Abstract

The Blood-Brain Barrier: a Gatekeeper of Brain “Individuality” The blood-brain barrier (BBB) maintains the individuality of brain fluid, while allowing it to selectively import nutrients and process toxic products. Its major constituent is a single layer of continuous, nonfenestrated endothelium lining the microvessels, whose unique features account in large part for the integrity of the barrier. The endothelial cell monolayer is the major determinant, but other cells in the central nervous system (e.g., pericytes and astrocytes) contribute to the integrity of the BBB. The interendothelial tight junctions of the BBB are one of its signature elements that greatly restrict paracellular permeability to solutes, fluid, and transmigrating cells. This is markedly distinct from the leakier, discontinuous, and fenestrated endothelium of liver microvessels (sinusoids). For example, the tight junctions of the cerebral endothelium (pial vessels) confer an electrical resistance (1,300 ·cm 2 ) far higher than other endothelia (6). Therefore, communication between blood and the brain interstitial fluid requires individually tailored molecular mechanisms. Transcytosis is the movement of molecules through a cellular barrier.

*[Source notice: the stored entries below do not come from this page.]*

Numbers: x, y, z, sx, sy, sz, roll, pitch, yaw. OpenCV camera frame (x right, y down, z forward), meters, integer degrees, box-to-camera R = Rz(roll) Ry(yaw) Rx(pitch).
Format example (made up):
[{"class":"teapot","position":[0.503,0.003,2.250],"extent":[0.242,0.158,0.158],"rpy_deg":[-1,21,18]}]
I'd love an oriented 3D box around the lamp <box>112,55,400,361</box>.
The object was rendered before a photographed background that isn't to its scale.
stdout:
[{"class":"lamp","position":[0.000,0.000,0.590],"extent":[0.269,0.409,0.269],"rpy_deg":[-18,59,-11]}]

Whereas proteins can traverse through vesicular carrier processes that could carry solutes through fluid phase endocytosis, the brain microvasculature is uniquely poor in plasmalemmal and cytoplasmic caveolae (1). Instead, bidirectional passage of small molecules across the BBB is stringently regulated by numerous transporters and receptors. These typically work in tandem across the luminal and abluminal membranes of the endothelial cell.